I frequently see sync_file_range blocking - it waits till it could
submit the writes into the io queues. On a system bottlenecked on IO
that's not always possible immediately.

> Also, maybe you could answer a question I had about the performance
> regression you observed, I could not find the post where you gave the
> detailed information about it, so that I could try reproducing it: what are
> the exact settings and conditions (shared_buffers, pgbench scaling, host
> memory, ...), what is the observed regression (tps? other?), and what is the
> responsiveness of the database under the regression (eg % of seconds with 0
> tps for instance, or something like that).

I measured it in a different number of cases, both on SSDs and spinning
rust. I just reproduced it with:

postgres-ckpt14 \
-D /srv/temp/pgdev-dev-800/ \
-c maintenance_work_mem=2GB \
-c fsync=on \
-c synchronous_commit=off \
-c shared_buffers=2GB \
-c wal_level=hot_standby \
-c max_wal_senders=10 \
-c max_wal_size=100GB \
-c checkpoint_timeout=30s

Using a fresh cluster each time (copied from a "template" to save time)
and using
pgbench -M prepared -c 16 -j16 -T 300 -P 1
I get

My laptop 1 EVO 840, 1 i7-4800MQ, 16GB ram:
master:
scaling factor: 800
query mode: prepared
number of clients: 16
number of threads: 16
duration: 300 s
number of transactions actually processed: 1155733
latency average: 4.151 ms
latency stddev: 8.712 ms
tps = 3851.242965 (including connections establishing)
tps = 3851.725856 (excluding connections establishing)

ckpt-14 (flushing by backends disabled):
scaling factor: 800
query mode: prepared
number of clients: 16
number of threads: 16
duration: 300 s
number of transactions actually processed: 855156
latency average: 5.612 ms
latency stddev: 7.896 ms
tps = 2849.876327 (including connections establishing)
tps = 2849.912015 (excluding connections establishing)

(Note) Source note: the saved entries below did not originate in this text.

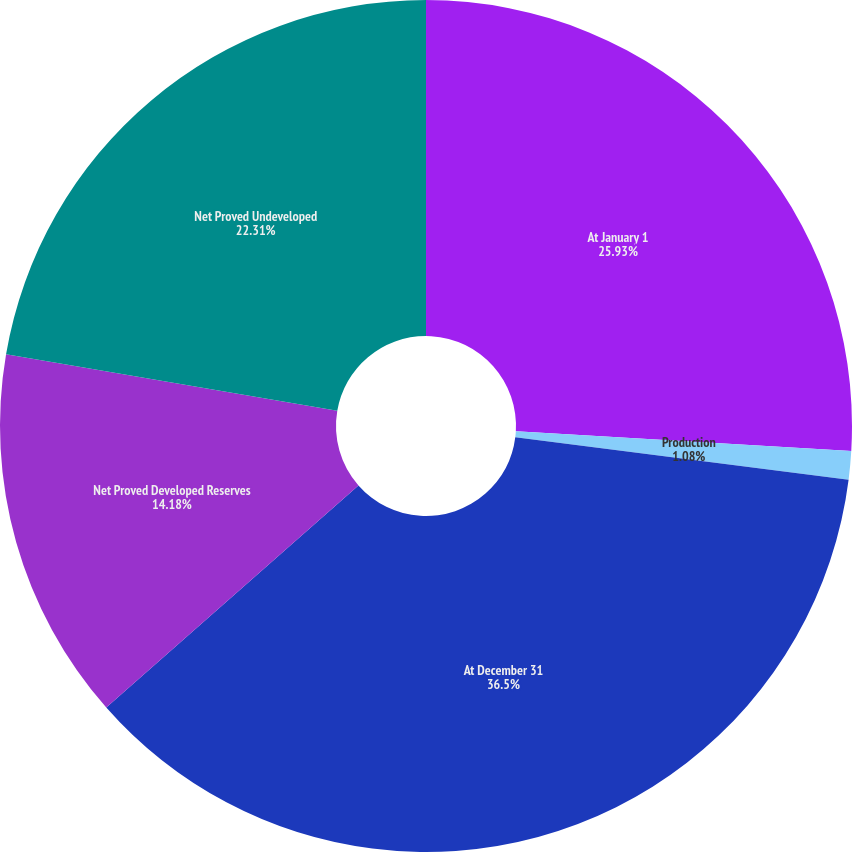<chart> <loc_0><loc_0><loc_500><loc_500><pie_chart><fcel>At January 1<fcel>Production<fcel>At December 31<fcel>Net Proved Developed Reserves<fcel>Net Proved Undeveloped<nl><fcel>25.93%<fcel>1.08%<fcel>36.5%<fcel>14.18%<fcel>22.31%<nl></chart> 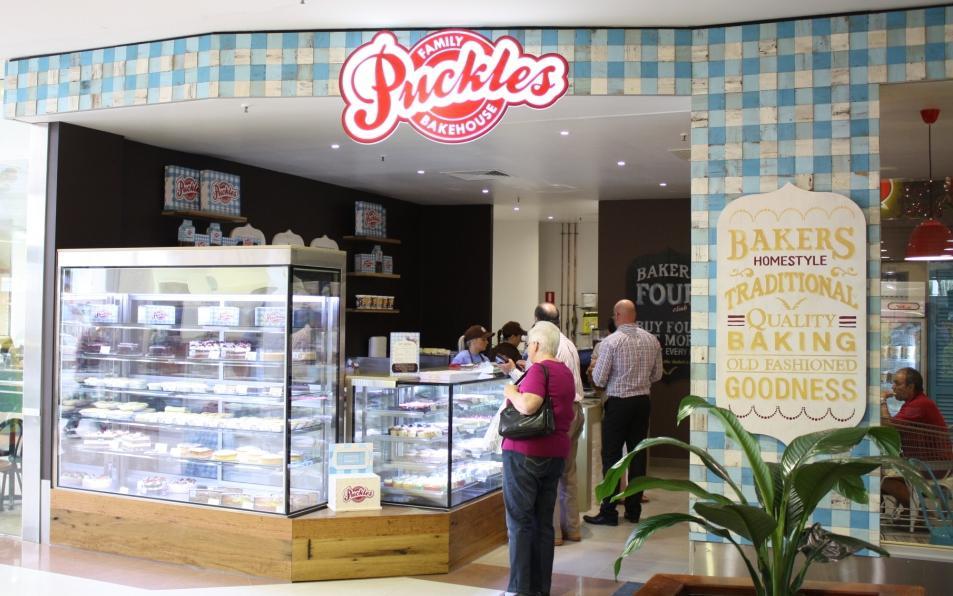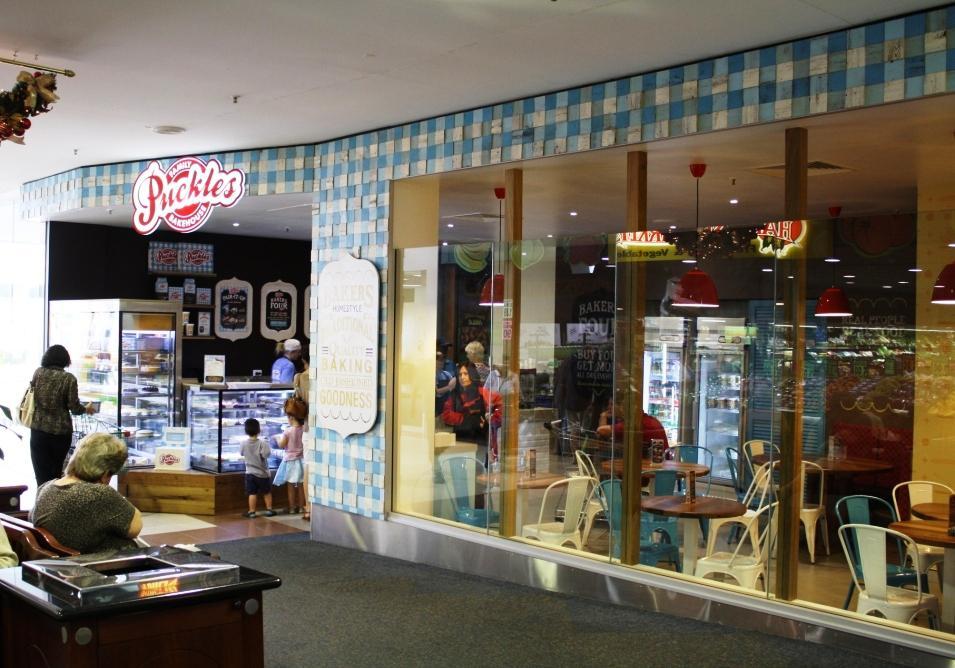The first image is the image on the left, the second image is the image on the right. Evaluate the accuracy of this statement regarding the images: "Both images show bakeries with the same name.". Is it true? Answer yes or no. Yes. The first image is the image on the left, the second image is the image on the right. For the images shown, is this caption "People are standing in front of a restaurant." true? Answer yes or no. Yes. 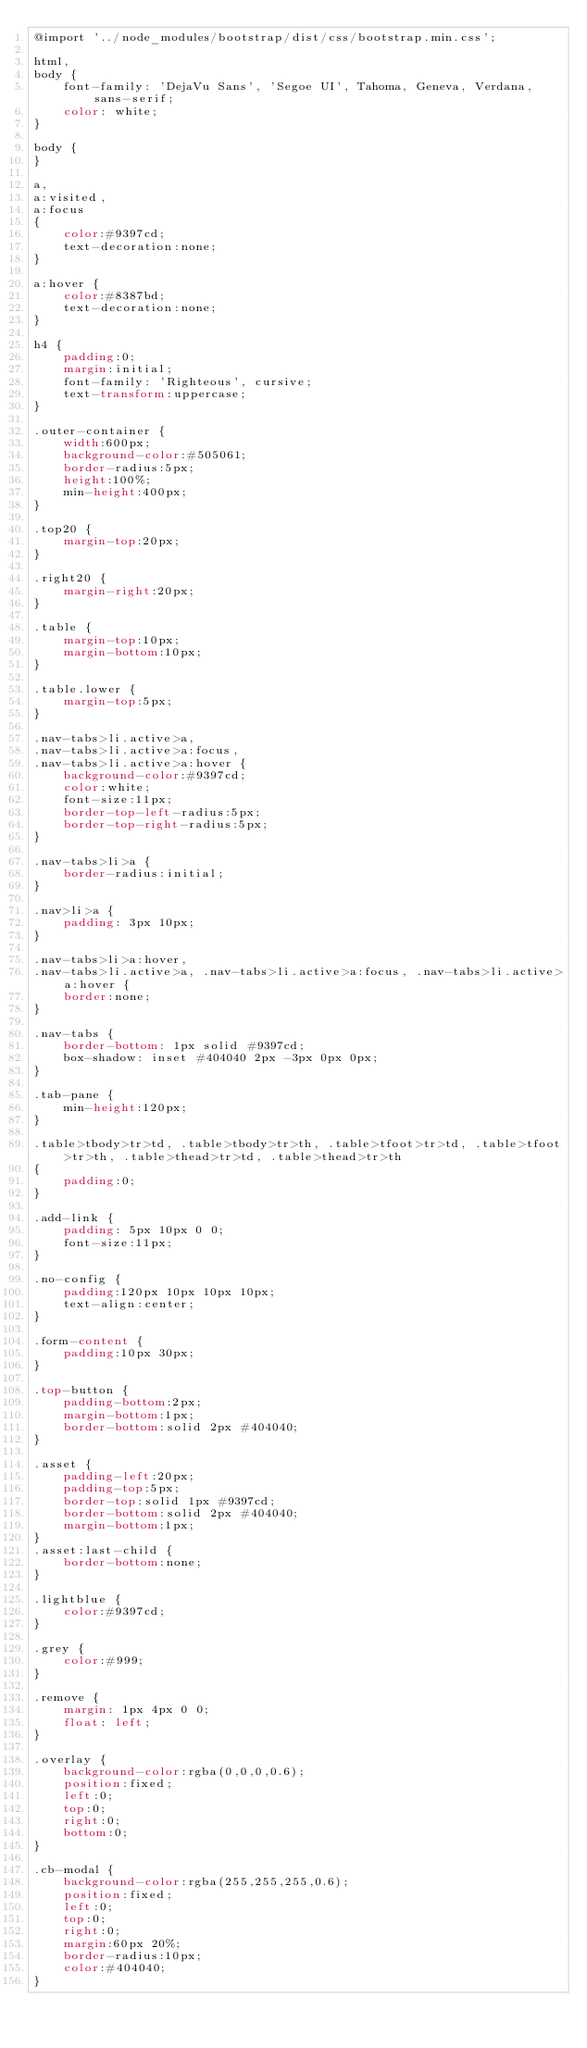Convert code to text. <code><loc_0><loc_0><loc_500><loc_500><_CSS_>@import '../node_modules/bootstrap/dist/css/bootstrap.min.css';

html,
body {
    font-family: 'DejaVu Sans', 'Segoe UI', Tahoma, Geneva, Verdana, sans-serif;
    color: white;
}

body {
}

a,
a:visited,
a:focus
{
    color:#9397cd;
    text-decoration:none;
}

a:hover {
    color:#8387bd;
    text-decoration:none;
}

h4 {
    padding:0;
    margin:initial;
    font-family: 'Righteous', cursive;
    text-transform:uppercase;
}

.outer-container {
    width:600px;
    background-color:#505061;
    border-radius:5px;
    height:100%;
    min-height:400px;
}

.top20 {
    margin-top:20px;
}

.right20 {
    margin-right:20px;
}

.table {
    margin-top:10px;
    margin-bottom:10px;
}

.table.lower {
    margin-top:5px;
}

.nav-tabs>li.active>a, 
.nav-tabs>li.active>a:focus, 
.nav-tabs>li.active>a:hover {
    background-color:#9397cd;
    color:white;
    font-size:11px;
    border-top-left-radius:5px;
    border-top-right-radius:5px;
}

.nav-tabs>li>a {
    border-radius:initial;
}

.nav>li>a {
    padding: 3px 10px;
}

.nav-tabs>li>a:hover,
.nav-tabs>li.active>a, .nav-tabs>li.active>a:focus, .nav-tabs>li.active>a:hover {
    border:none;
}

.nav-tabs {
    border-bottom: 1px solid #9397cd;
    box-shadow: inset #404040 2px -3px 0px 0px;
}

.tab-pane {
    min-height:120px;
}

.table>tbody>tr>td, .table>tbody>tr>th, .table>tfoot>tr>td, .table>tfoot>tr>th, .table>thead>tr>td, .table>thead>tr>th
{
    padding:0;
}

.add-link {
    padding: 5px 10px 0 0;
    font-size:11px;
}

.no-config {
    padding:120px 10px 10px 10px;
    text-align:center;
}

.form-content {
    padding:10px 30px;
}

.top-button {
    padding-bottom:2px;
    margin-bottom:1px;
    border-bottom:solid 2px #404040;
}

.asset {
    padding-left:20px;
    padding-top:5px;
    border-top:solid 1px #9397cd;
    border-bottom:solid 2px #404040;
    margin-bottom:1px;
}
.asset:last-child {
    border-bottom:none;
}

.lightblue {
    color:#9397cd;
}

.grey {
    color:#999;
}

.remove {
    margin: 1px 4px 0 0;
    float: left;
}

.overlay {
    background-color:rgba(0,0,0,0.6);
    position:fixed;
    left:0;
    top:0;
    right:0;
    bottom:0;
}

.cb-modal {
    background-color:rgba(255,255,255,0.6);
    position:fixed;
    left:0;
    top:0;
    right:0;
    margin:60px 20%;
    border-radius:10px;
    color:#404040;
}</code> 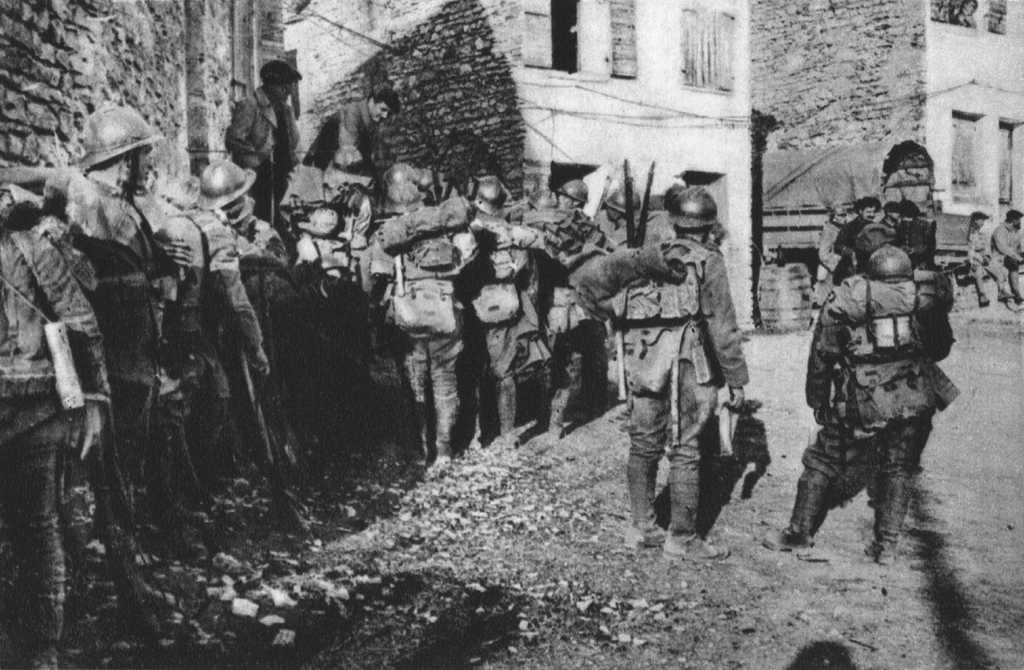Describe this image in one or two sentences. This is an old black and white image. There are groups of people standing. This looks like a vehicle, which is parked. These are the buildings with the windows.

My laptop 1 850 PRO, 1 i7-4800MQ, 16GB ram:
master:
transaction type: TPC-B (sort of)
scaling factor: 800
query mode: prepared
number of clients: 16
number of threads: 16
duration: 300 s
number of transactions actually processed: 2104781
latency average: 2.280 ms
latency stddev: 9.868 ms
tps = 7010.397938 (including connections establishing)
tps = 7010.475848 (excluding connections establishing)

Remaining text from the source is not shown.